If simplicity is a feature rather than a shortcoming of LocoRoco 2 and the built-in repetition is a lot more fun than it is annoying, the most noticeable flaw in the game is that the control scheme doesn't hold together the whole way through. The problem lies in the tilt/bounce action. Sometimes you can't easily get where you want to go. At the moment, it doesn't feel like a matter of refining your approach; it feels like the controls have gone off a bit in that portion of the game. I only got stuck once in LocoRoco 2, enough so that I started the level over from the pause menu, but I felt like I was stuck several times, pounding my head against the wall, until I happened to try this or that, and I bounced right over the next hill. It doesn't go on long enough to be a serious issue, but it could have been a little smoother in these rough spots.

The only other room for improvement is with the game's repetition of key gameplay elements. Most games are repetitive, of course, but by its nature, LocoRoco 2 is more so than some others. This, like the mild control frustrations, is a trivial complaint because the repetitive elements are fun to repeat, after all. If you're looking for 20 hours of completely new and different gameplay, hour after hour, then you're going to be disappointed. (Actually, I'd expect that you'd be disappointed in almost any game, no matter how well-designed.) A good game makes the hackneyed or tried-and-true engaging all over again. That's what LocoRoco 2 does, whether or not the designers set out to do this in particular. The first mini-game I unlocked is nothing more than a PSP version of whack-a-mole transported into LocoRoco land, but it's endearing and charming, and I kept returning to play, ostensibly to bump up my high score. I kept returning because it put a smile on my face to play that mini-game, and you just can't beat that.


Although the sequel does little more than offer an expansion to the original title, there was little in the original that needed to be redesigned. Both that game and this sequel are fantastic, so the franchise is now fantastic. If you enjoyed the first, you're going to want to own the second, and if you never bothered with the original LocoRoco, this second edition is a must-buy. Words like "charming" and "delightful" will be bandied about to describe LocoRoco 2 until you're sick of hearing them. Like the "cute" part, don't let this critical sappiness put you off. "Charming" and "delightful" are perfectly okay when the game is those things.

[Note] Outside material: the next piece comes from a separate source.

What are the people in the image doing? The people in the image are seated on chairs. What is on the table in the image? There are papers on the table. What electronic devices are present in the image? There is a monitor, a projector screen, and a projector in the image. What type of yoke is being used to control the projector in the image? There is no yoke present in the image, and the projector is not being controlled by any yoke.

LocoRoco 2 isn't about competition, you versus you or versus the computer or versus anyone. It's about having fun with a game that's clearly exceptional in many aspects. A basic linear progression of LocoRoco 2 doesn't take all that long to complete. The game is enough to bring you back, but there are also special level mode triggers, an ad-hoc multiplayer mode, the hidden ending, unlockables galore, collectibles all over the place, and mini-games aplenty. There are enough mysteries to solve in each level that you'll probably miss things miss several times before finding them. You'll wind up playing through levels a couple of times past the point when you've unlocked everything — without even knowing there's nothing left to figure out — and it won't be a minute wasted.